How challenging is all this from an effects standpoint? "Five years ago, most of these shots would've seemed like a miracle," says Semerad, but that was a century ago in digital time. "Making stumps out of arms and legs is something we've been able to do for a while and make it look pretty realistic," he explains. "The killer whale was the hardest one. The whale only does so much. We needed one take of the whale coming up, another take of him biting, then a take of the guy with background plates and splashes, then we have to put it all together in Inferno." It's his favorite spot of the three, "because it's like, `Did I just see that? Yeah, I just saw that.' The lumberjack too. The humor just fits my style, I guess."

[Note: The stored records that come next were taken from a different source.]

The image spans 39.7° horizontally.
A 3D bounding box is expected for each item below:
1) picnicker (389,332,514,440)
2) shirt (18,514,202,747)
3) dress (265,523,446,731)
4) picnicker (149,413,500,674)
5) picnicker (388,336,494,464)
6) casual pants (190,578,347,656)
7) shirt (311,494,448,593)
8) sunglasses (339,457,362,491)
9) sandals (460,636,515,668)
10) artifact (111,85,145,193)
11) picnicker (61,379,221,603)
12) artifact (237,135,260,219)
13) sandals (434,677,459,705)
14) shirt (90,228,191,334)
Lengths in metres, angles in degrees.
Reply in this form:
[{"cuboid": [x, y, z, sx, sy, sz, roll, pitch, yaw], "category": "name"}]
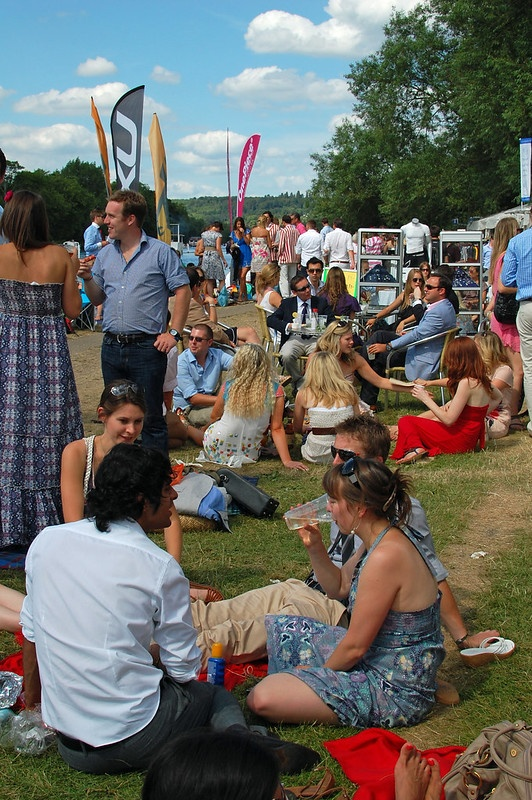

The other two spots feature more conventional catastrophes. The ankle accident merely required extensive rig removal and greenscreen work, for example. Couldn't all this be done without digital manipulation, like the notorious knight fight in Monty Python and the Holy Grail, which appears to be the inspiration for the campaign anyway? "Probably, but digital makes it much simpler and neater, since there can't be any blood or gross stuff, like the stump showing," Semerad notes with disappointment. "There can't be any bones poking out the cuff or the sleeve, we had to make sure it was all covered up. It's got to be funny, but not revolting." Semerad is pleased with the shot of the disembodied shoe, though "it's just a shoe, it didn't require any finessing." But the severed foot inside it is clearly implied. "I guess that slipped by the networks," he chuckles.

Here's another low-tech surprise: The impaled worker was indeed done with an old-style prop from the ancient days of analog. Is that a professional letdown? "Nah," Semerad insists. "You want to keep the audience guessing."